**Exercise requirements:**
Extract each line holding the word "boxes" from the entries.

**Task data:**

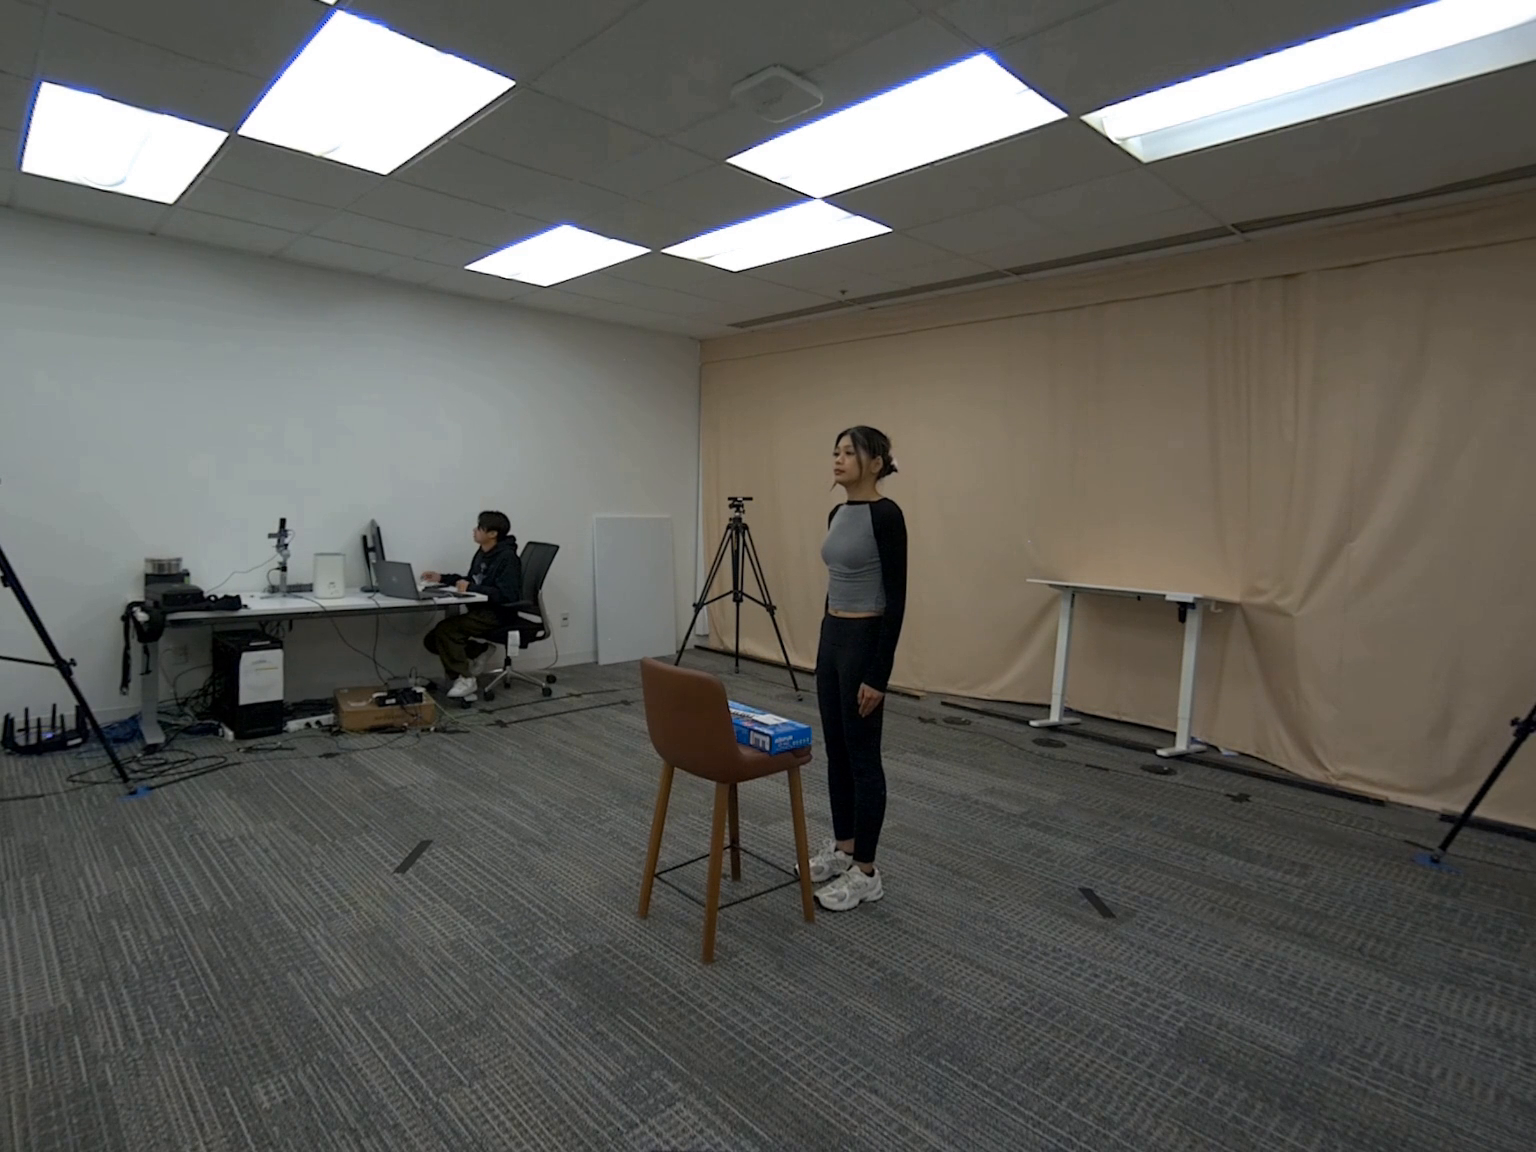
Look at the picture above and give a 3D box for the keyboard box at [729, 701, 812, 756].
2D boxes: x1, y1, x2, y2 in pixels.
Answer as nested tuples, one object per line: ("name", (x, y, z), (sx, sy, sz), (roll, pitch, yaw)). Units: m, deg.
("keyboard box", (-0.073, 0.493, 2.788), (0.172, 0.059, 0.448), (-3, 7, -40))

...

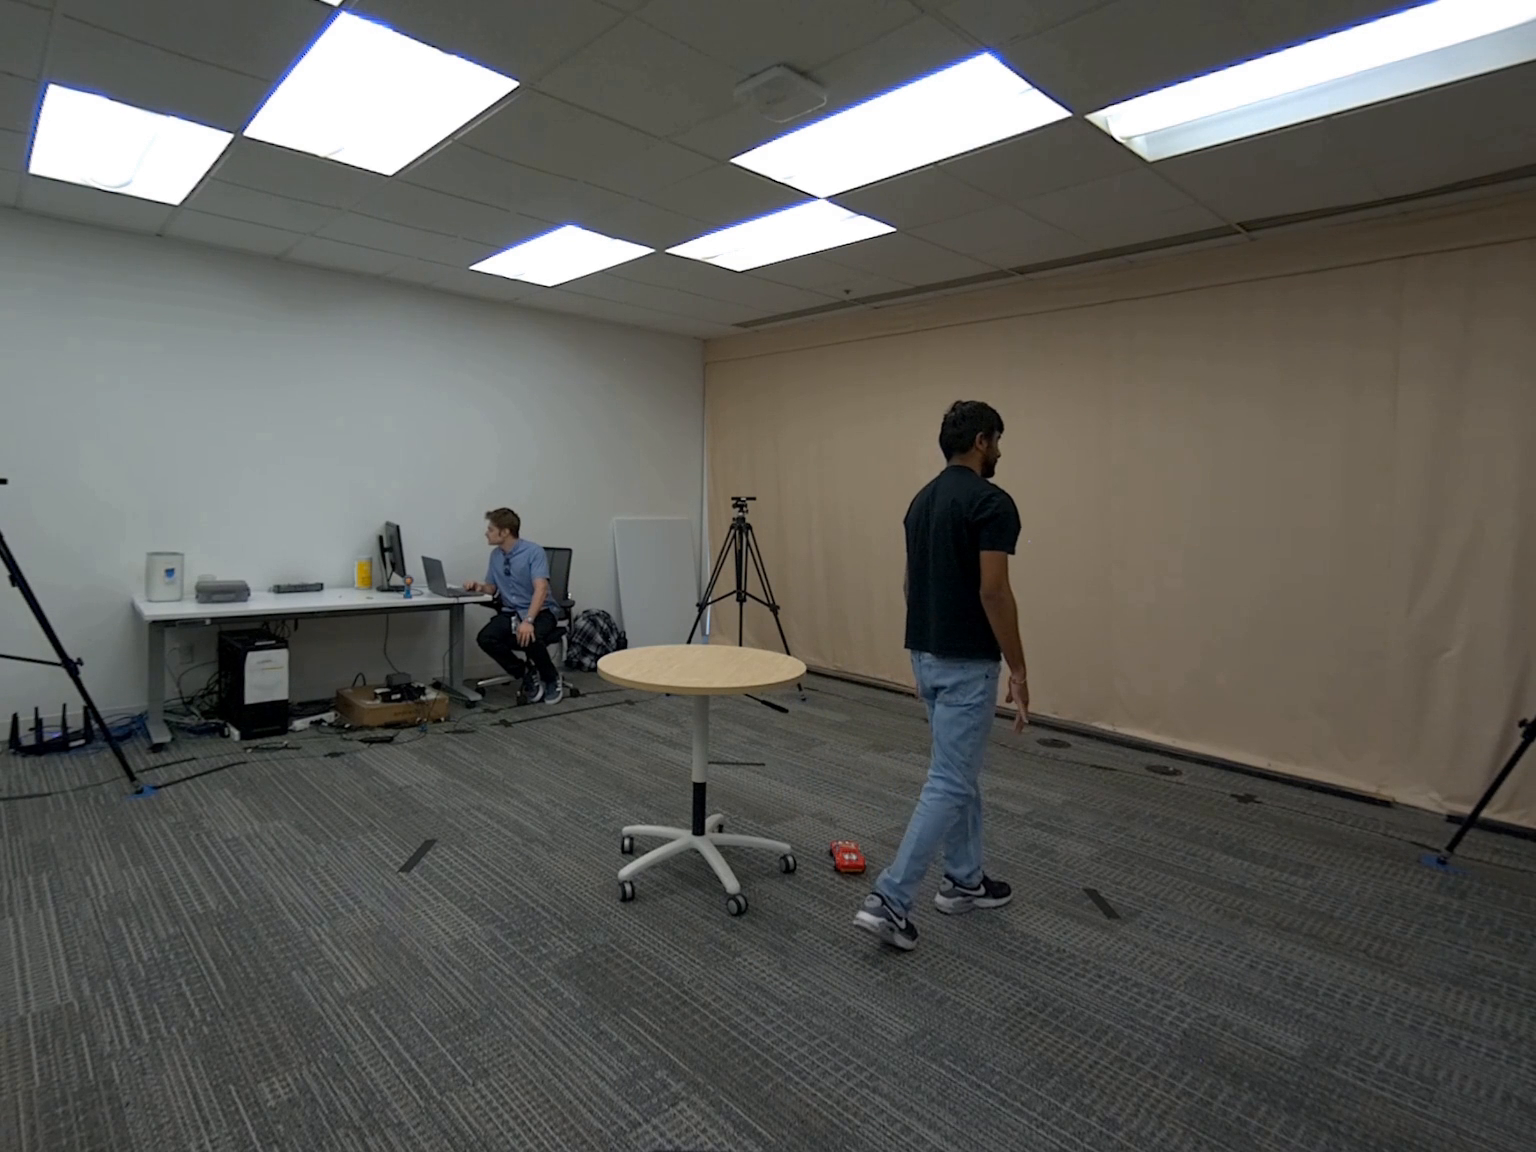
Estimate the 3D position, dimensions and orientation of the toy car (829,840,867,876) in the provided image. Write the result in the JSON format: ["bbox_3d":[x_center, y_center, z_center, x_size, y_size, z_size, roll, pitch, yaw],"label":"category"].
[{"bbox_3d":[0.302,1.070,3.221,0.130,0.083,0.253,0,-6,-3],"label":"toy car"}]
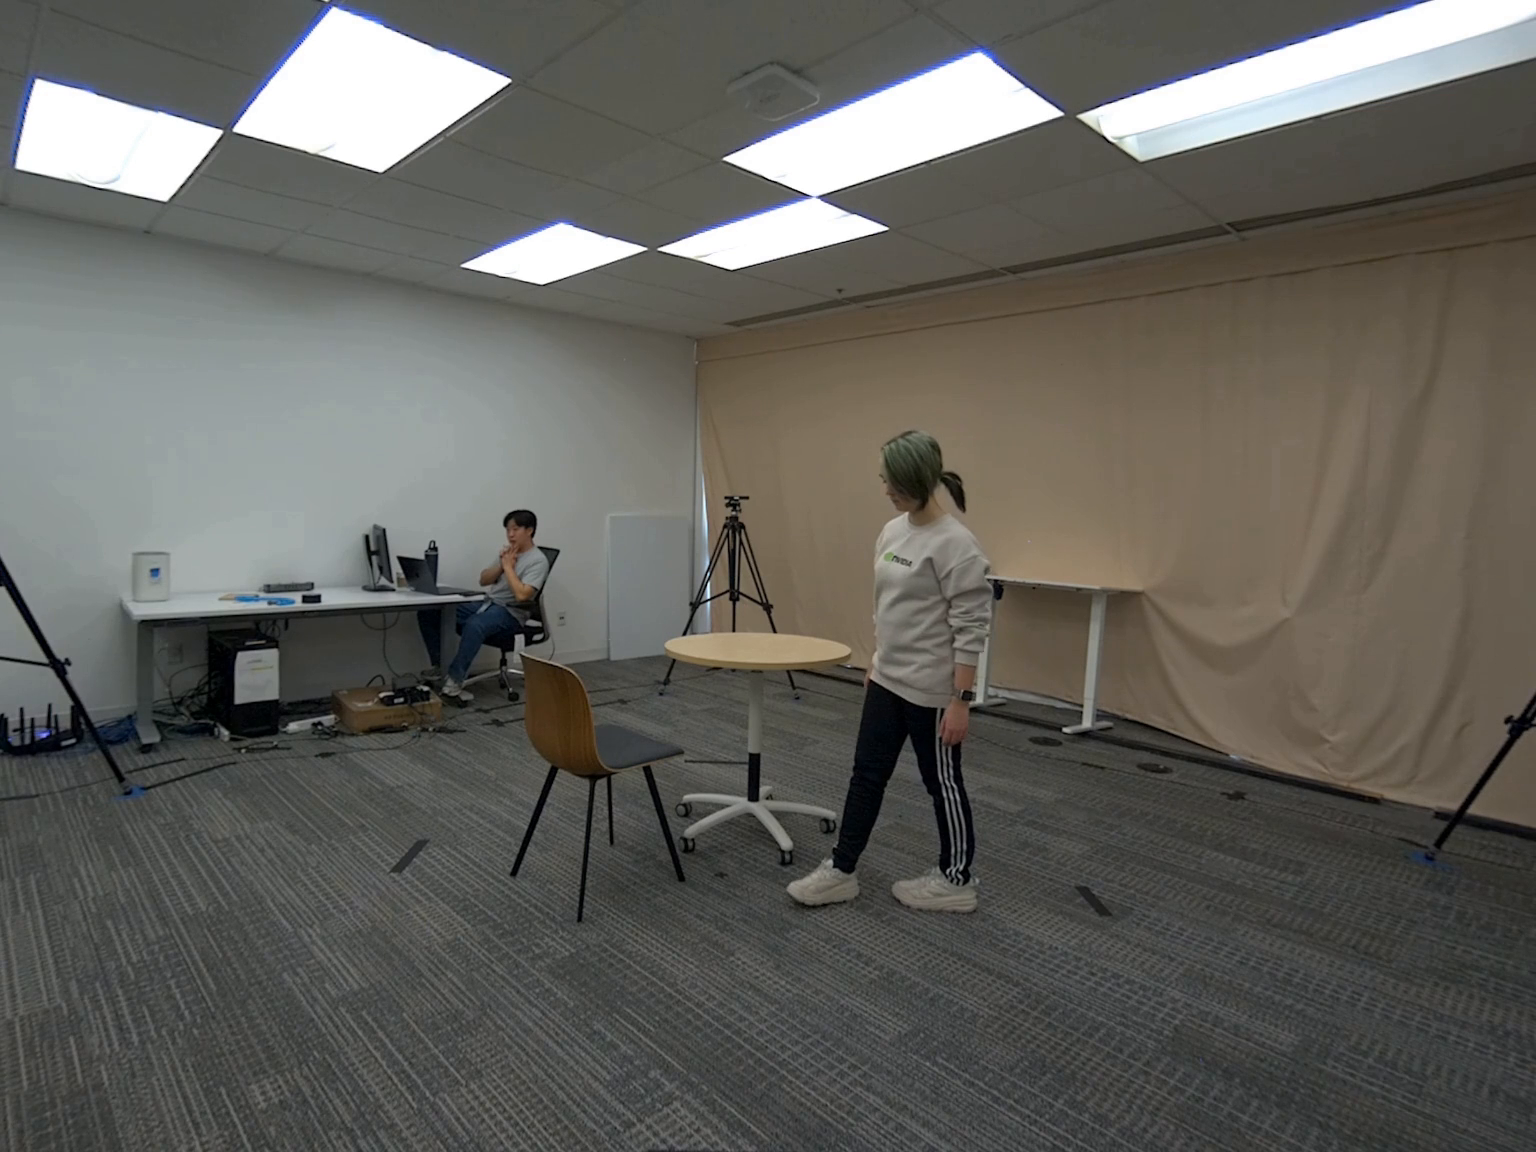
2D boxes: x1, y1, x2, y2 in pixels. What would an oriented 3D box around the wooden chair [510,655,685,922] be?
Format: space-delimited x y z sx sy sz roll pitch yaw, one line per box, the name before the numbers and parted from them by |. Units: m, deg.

**Output for this exercise:**
2D boxes: x1, y1, x2, y2 in pixels.
2D boxes: x1, y1, x2, y2 in pixels. What would an oriented 3D box around the wooden chair [510,655,685,922] be?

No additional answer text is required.